OS PARADOXOS DO ‘MODICARE’

Uma das promessas do primeiro-ministro indiano Narendra Modi é promover uma reforma no sistema de saúde. No país com 1,3 bilhão de habitantes, o modelo usado é o do seguro social. E cerca de 500 milhões de pessoas são elegíveis para o esquema da autoridade nacional de saúde (NHA) – chamado ironicamente de “Modicare” – que oferece cobertura para um conjunto de ações e serviços de saúde ao preço de quase sete mil dólares anuais por família. Não à toa, apenas 20% desse público-alvo aderiu. Mas o governo não acha que o problema seja o preço, e sim a falta de conhecimento das pessoas e participação do setor privado.

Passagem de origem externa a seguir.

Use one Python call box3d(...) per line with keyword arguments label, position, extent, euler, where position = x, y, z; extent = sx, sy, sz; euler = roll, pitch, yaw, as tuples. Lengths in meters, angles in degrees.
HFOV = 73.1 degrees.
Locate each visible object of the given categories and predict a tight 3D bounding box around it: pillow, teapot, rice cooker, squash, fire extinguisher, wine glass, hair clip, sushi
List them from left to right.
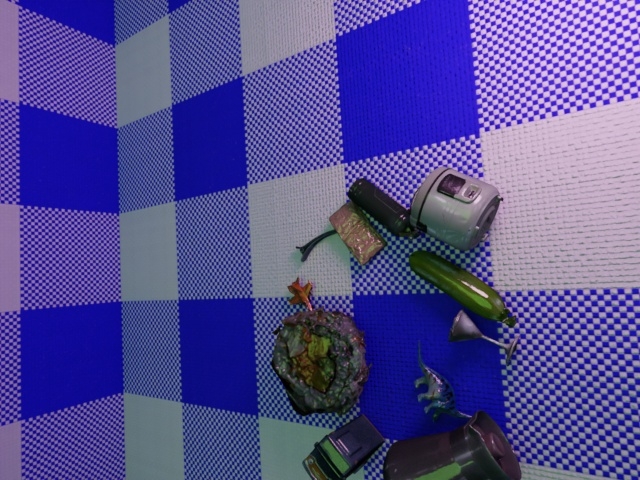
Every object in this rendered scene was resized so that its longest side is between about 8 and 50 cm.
box3d(label="hair clip", position=(0.000, 0.000, 1.668), extent=(0.229, 0.039, 0.070), euler=(-33, 69, 27))
box3d(label="sushi", position=(0.004, 0.433, 1.567), extent=(0.418, 0.176, 0.417), euler=(0, 90, 34))
box3d(label="pillow", position=(0.130, -0.032, 1.569), extent=(0.126, 0.043, 0.232), euler=(-40, 69, 13))
box3d(label="fire extinguisher", position=(0.228, -0.099, 1.476), extent=(0.095, 0.114, 0.311), euler=(-45, 64, -4))
box3d(label="rice cooker", position=(0.397, -0.103, 1.298), extent=(0.244, 0.226, 0.226), euler=(30, 105, 33))
box3d(label="teapot", position=(0.392, 0.684, 1.270), extent=(0.344, 0.253, 0.300), euler=(-40, 105, 24))
box3d(label="squash", position=(0.432, 0.139, 1.336), extent=(0.379, 0.101, 0.101), euler=(37, 108, 34))
box3d(label="wine glass", position=(0.488, 0.290, 1.289), extent=(0.183, 0.122, 0.122), euler=(23, 101, 28))

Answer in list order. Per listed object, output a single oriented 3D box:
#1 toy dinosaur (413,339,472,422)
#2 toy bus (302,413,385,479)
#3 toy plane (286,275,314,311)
box3d(label="toy dinosaur", position=(0.371, 0.494, 1.378), extent=(0.144, 0.076, 0.329), euler=(-43, 70, 14))
box3d(label="toy bus", position=(0.084, 0.706, 1.443), extent=(0.138, 0.275, 0.167), euler=(45, 110, 27))
box3d(label="toy plane", position=(-0.059, 0.233, 1.693), extent=(0.188, 0.062, 0.135), euler=(49, 114, 10))

A Reuters obteve detalhes dos planos de Modi para impulsionar a adoção do seguro. E a grande aposta está na atração de ainda mais hospitais particulares para a rede credenciada – embora eles já somem 60% dos quase 20 mil hospitais registrados. Por seu turno, as empresas reclamam que o NHA cobre de 40% a 80% dos seus custos. Mas o governo está aberto – bem aberto, diríamos – a negociar com eles. “Esperamos que o setor privado entre. Se as taxas não são viáveis, ele não irá aderir”, resumiu Indu Bhushan à agência de notícias.

ESTRATÉGIA NORUEGUESA

Na sexta, a Noruega lançou uma estratégia de ajuda internacional que pretende reorientar as doações a outros países na área da saúde para o combate às doenças não transmissíveis. A iniciativa é a primeira do gênero no mundo, segundo o site especializado Health Policy Watch. A premissa é simples: câncer, diabetes, doenças cardiovasculares e respiratórias, transtornos mentais, etc. causam anualmente 41 milhões de mortes. “Tabaco, poluição do ar, álcool, alimentos não saudáveis, falta de atividade física… Esses assassinos silenciosos causam 70% de todas as mortes prematuras e desnecessárias em todo o planeta, mas a luta contra eles recebe apenas 1% do financiamento internacional destinado à saúde. 70% – 1%”, resumiu o ministro do Desenvolvimento Dag Inge Ulstein no lançamento. O país anunciou que vai alocar US$ 21 milhões no programa em 2020. E espera que a estratégia incentive outros países ricos a fazerem o mesmo.

BOLA DE CRISTAL

A Forbes fez uma lista com dez previsões sobre o mercado da saúde para 2020. Um dos itens diz respeito à investida de grandes varejistas como Walmart e Best Buy e “outras organizações atípicas” nesse setor. Para o repórter Sachin Jain, autor dos palpites, a maior parte dessas empresas deve sair desse mercado tão abruptamente quanto entrou, já que a falta de conhecimento dos mecanismos do setor as faz superestimar retornos e cometer erros. Na mesma linha, ele prevê que as grandes empresas de tecnologia continuarão atuando no setor de saúde, mas não o transformarão tão cedo. De acordo com ele, “levará anos” para que inovações relacionadas ao uso extensivo de inteligência artificial sejam absorvidas pelo modelo de negócios e pagamento existentes, transformando o cuidado em larga escala. 

AGENDA

Amanhã, o economista americano Randall Wray participa no Rio de um seminário promovido pelo Centro de Estudos Estratégicos da Fiocruz. O evento vai abordar como a Teoria Moderna da Moeda, da qual Wray é um dos principais autores, pode ser uma alternativa para o financiamento das políticas sociais. Acontece no Centro de Convenções Sul América, às 9h, e terá transmissão online.